Equilibrium Bandits: Learning Optimal Equilibria of Unknown Dynamics

TL;DR

This paper introduces UECB, a novel bandit algorithm that efficiently learns optimal system equilibria with unknown dynamics, balancing exploration and convergence time to maximize rewards.

Contribution

The paper proposes UECB, the first algorithm to adaptively switch actions based on convergence bounds, achieving sublinear regret in equilibrium bandit problems.

Findings

UECB achieves regret of O(log T + τ_c log τ_c + τ_c log log T).

Both epidemic and game control are special cases with dominant τ_c log τ_c regret.

Numerical tests confirm UECB's effectiveness in applications.

Abstract

Consider a decision-maker that can pick one out of $K$ actions to control an unknown system, for $T$ turns. The actions are interpreted as different configurations or policies. Holding the same action fixed, the system asymptotically converges to a unique equilibrium, as a function of this action. The dynamics of the system are unknown to the decision-maker, which can only observe a noisy reward at the end of every turn.
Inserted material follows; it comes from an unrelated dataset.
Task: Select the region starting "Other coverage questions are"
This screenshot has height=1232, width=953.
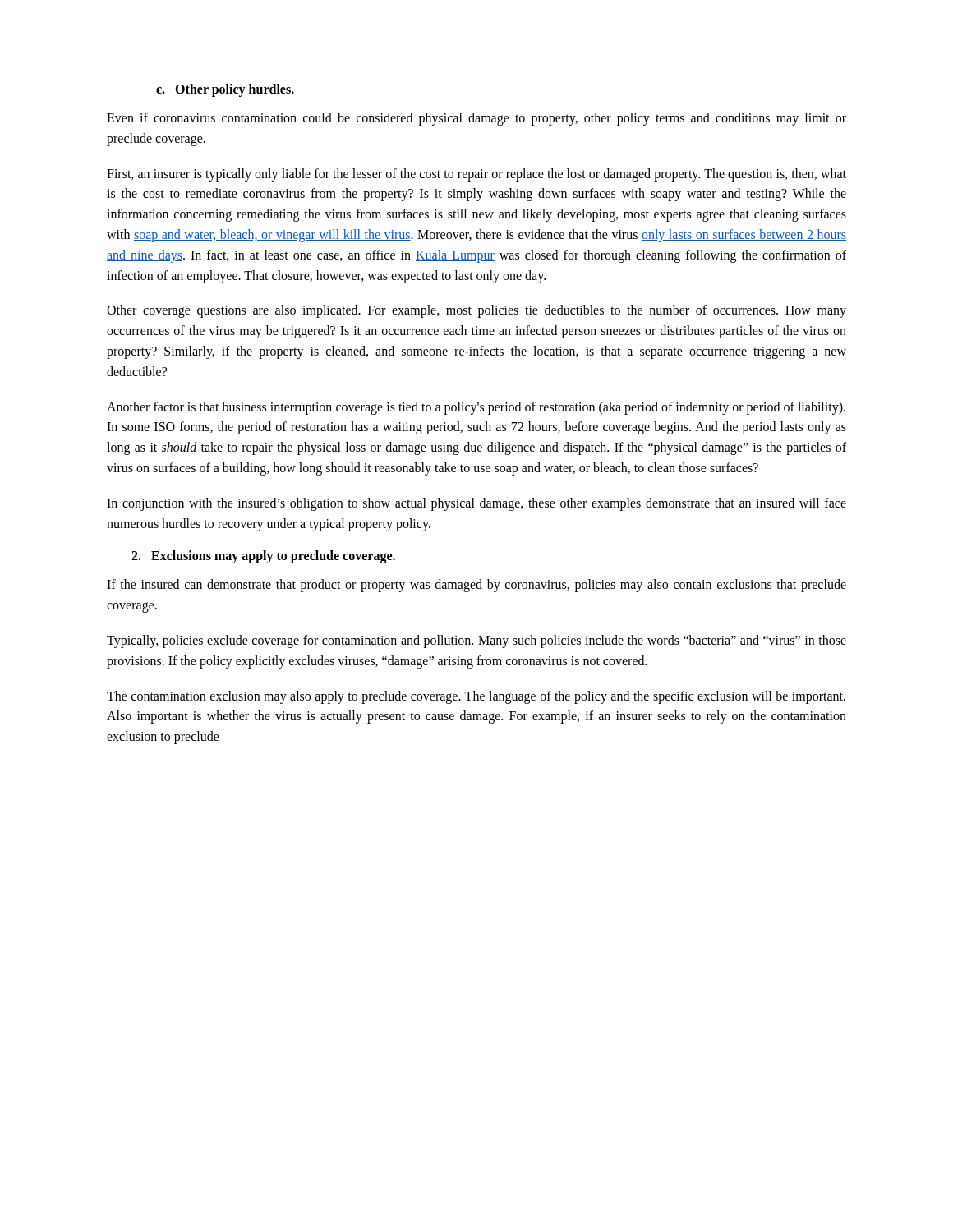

The decision-maker wants to maximize its accumulated reward over the $T$ turns. Learning what equilibria are better results in higher rewards, but waiting for the system to converge to equilibrium costs valuable time. Existing bandit algorithms, either stochastic or adversarial, achieve linear (trivial) regret for this problem. We present a novel algorithm, termed Upper Equilibrium Concentration Bound (UECB), that knows to switch an action quickly if it is not worth it to wait until the equilibrium is reached. This is enabled by employing convergence bounds to determine how far the system is from equilibrium. We prove that UECB achieves a regret of $\mathcal{O}(\log(T)+\tau_c\log(\tau_c)+\tau_c\log\log(T))$ for this equilibrium bandit problem where $\tau_c$ is the worst case approximate convergence time to equilibrium. We then show that both epidemic control and game control are special cases of equilibrium bandits, where $\tau_c\log \tau_c$ typically dominates the regret. We then test UECB numerically for both of these applications.